## Data extracts
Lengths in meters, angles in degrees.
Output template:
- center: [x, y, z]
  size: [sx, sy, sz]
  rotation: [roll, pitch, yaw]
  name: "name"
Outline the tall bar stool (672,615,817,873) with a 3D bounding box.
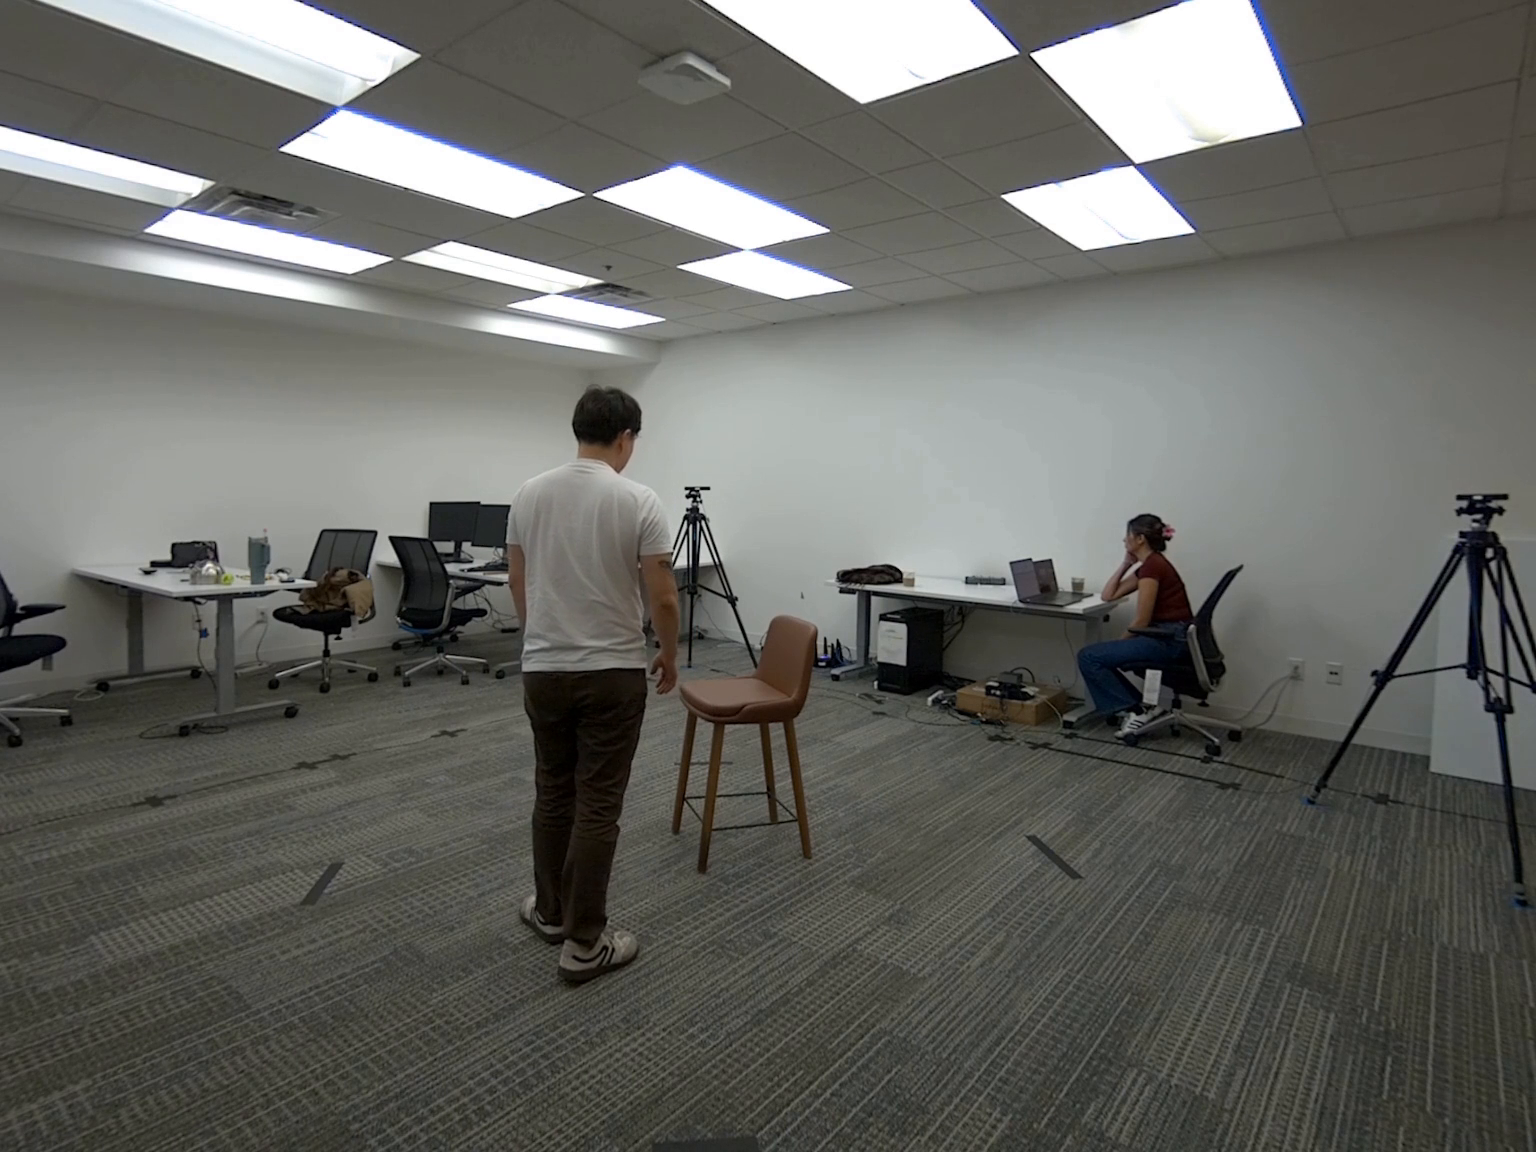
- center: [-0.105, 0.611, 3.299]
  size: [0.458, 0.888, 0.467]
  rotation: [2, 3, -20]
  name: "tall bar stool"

---

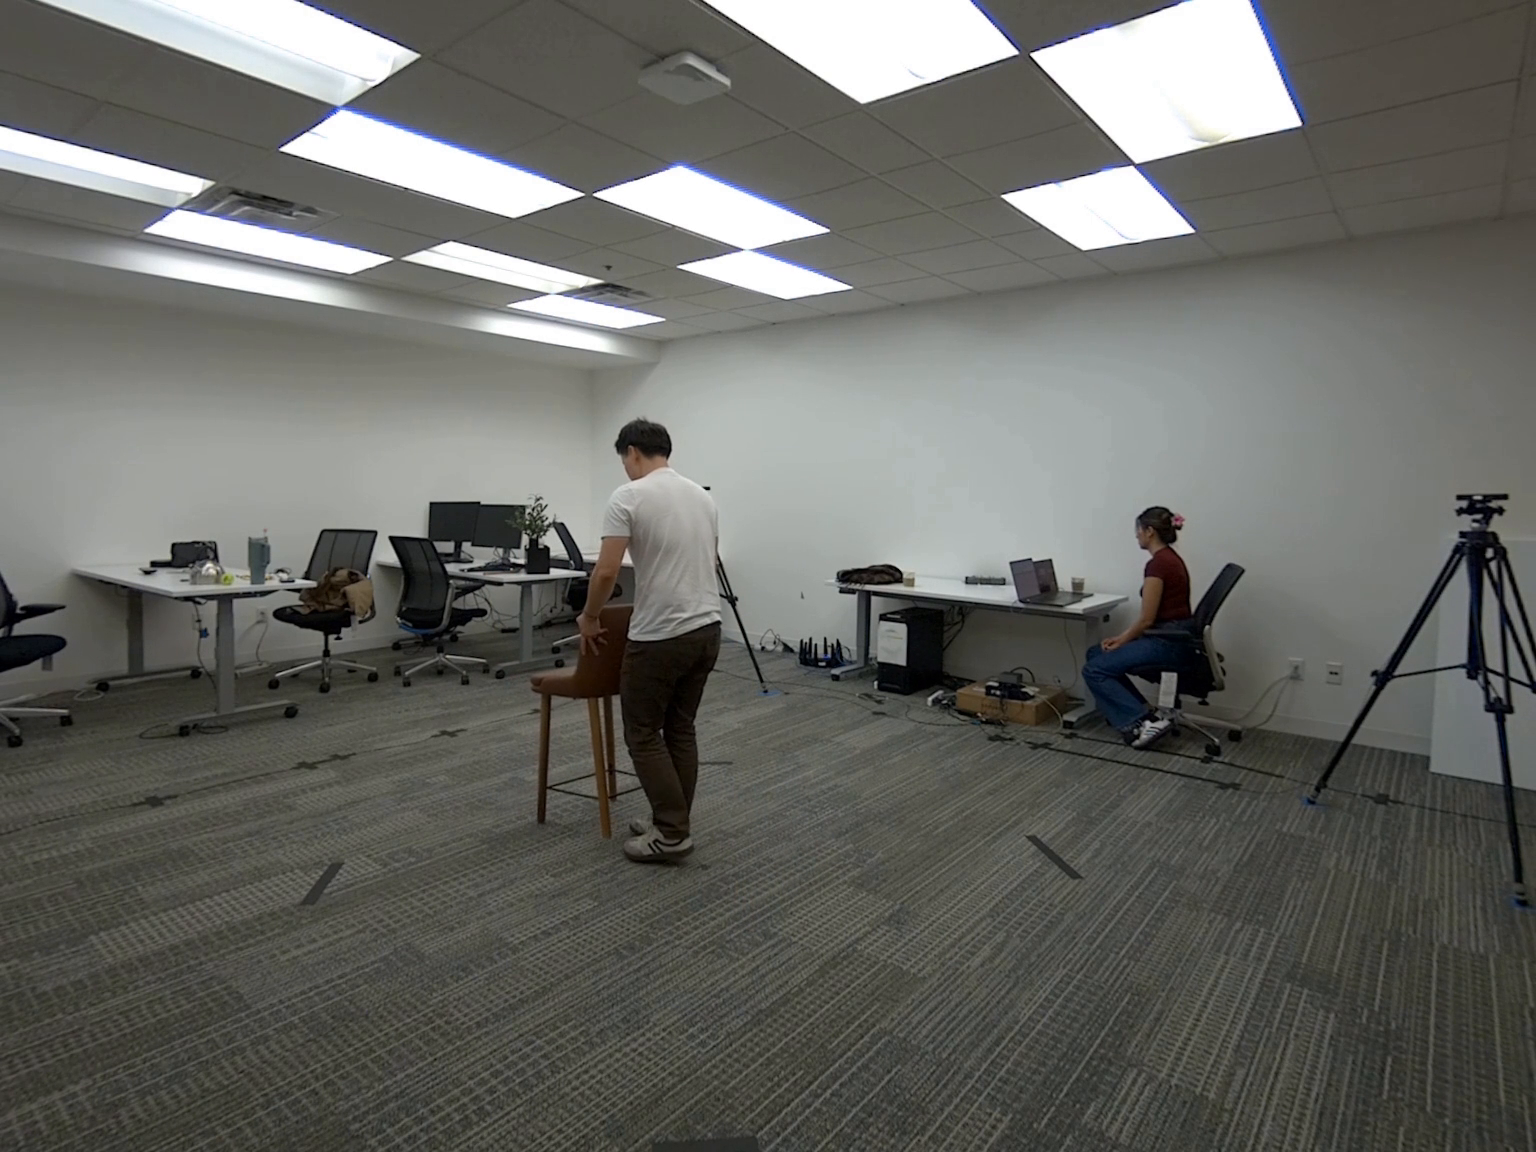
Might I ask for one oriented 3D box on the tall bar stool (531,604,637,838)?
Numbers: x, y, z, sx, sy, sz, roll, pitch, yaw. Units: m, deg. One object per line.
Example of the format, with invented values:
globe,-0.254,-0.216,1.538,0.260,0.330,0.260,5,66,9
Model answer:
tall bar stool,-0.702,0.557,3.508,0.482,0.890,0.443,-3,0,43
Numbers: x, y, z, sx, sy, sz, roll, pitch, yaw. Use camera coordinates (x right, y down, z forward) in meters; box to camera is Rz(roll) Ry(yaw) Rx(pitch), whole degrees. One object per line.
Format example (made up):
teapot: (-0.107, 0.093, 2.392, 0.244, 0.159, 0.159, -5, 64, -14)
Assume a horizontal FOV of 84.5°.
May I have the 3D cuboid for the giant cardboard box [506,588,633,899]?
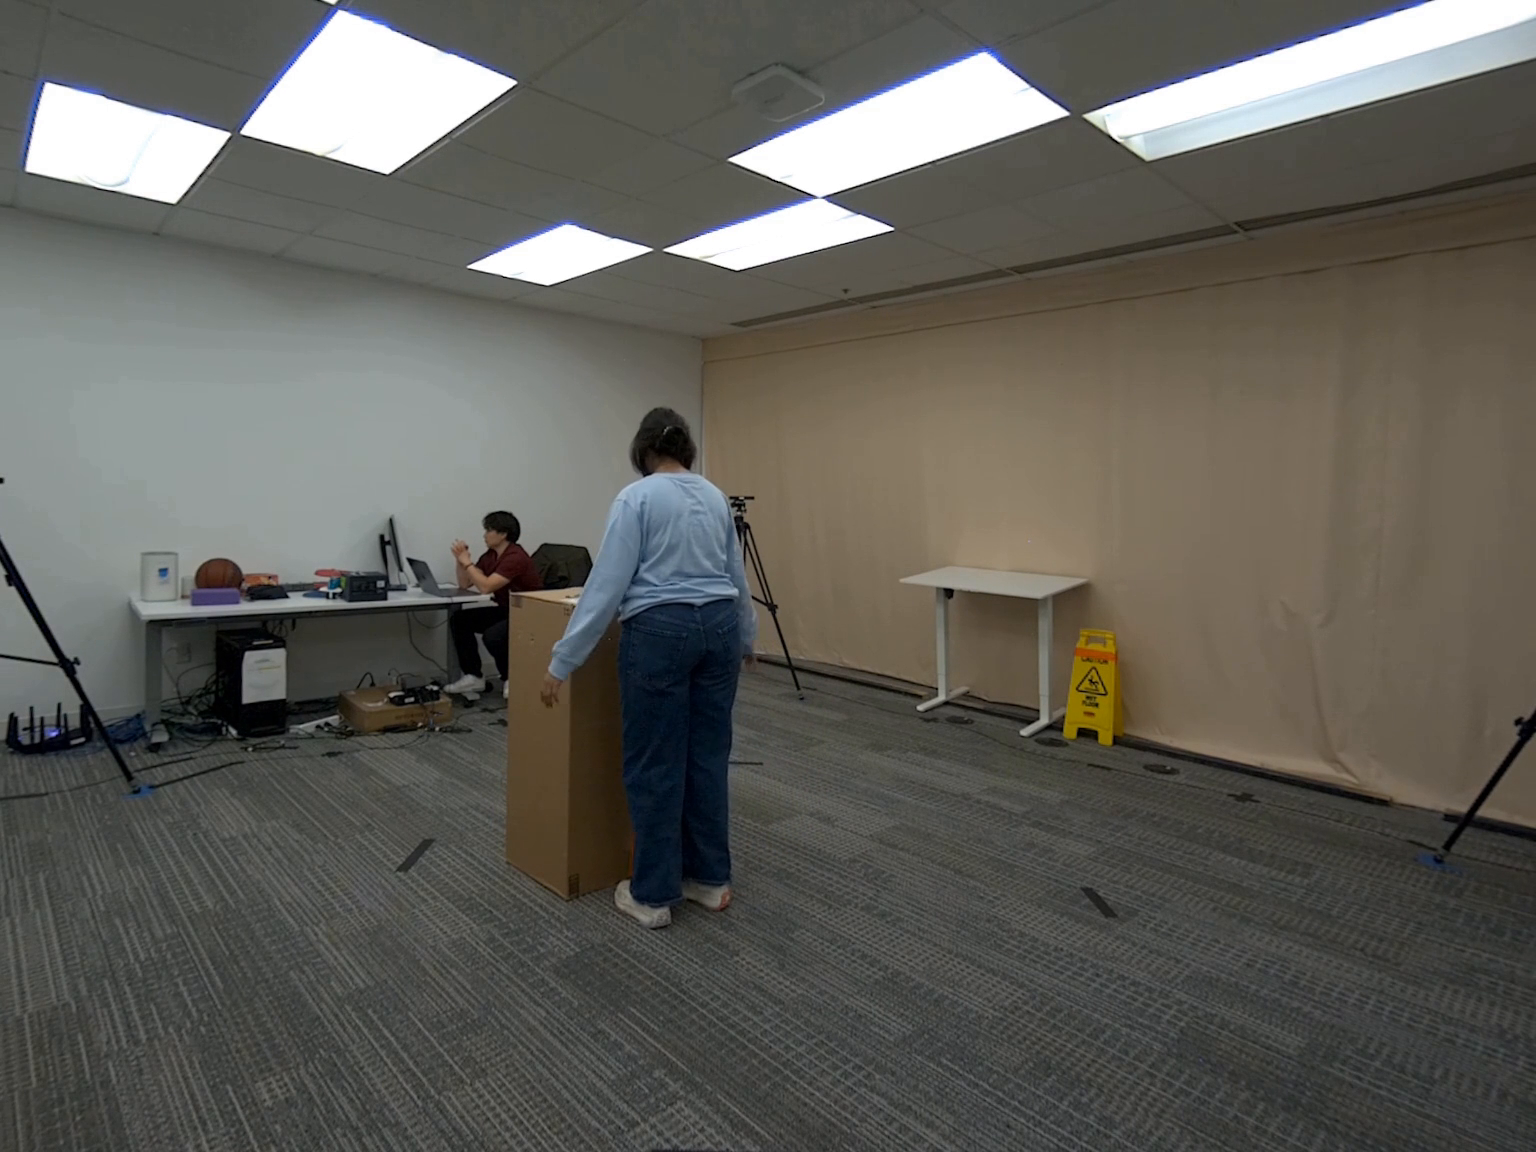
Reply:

## What this task involves
Reading through the records above, report each line in which the string "pitch" is found.

## Answer section
  rotation: [roll, pitch, yaw]
Numbers: x, y, z, sx, sy, sz, roll, pitch, yaw. Units: m, deg. One object per line.
Numbers: x, y, z, sx, sy, sz, roll, pitch, yaw. Use camera coordinates (x right, y down, z forward) in meters; box to camera is Rz(roll) Ry(yaw) Rx(pitch), whole degrees. One object per line.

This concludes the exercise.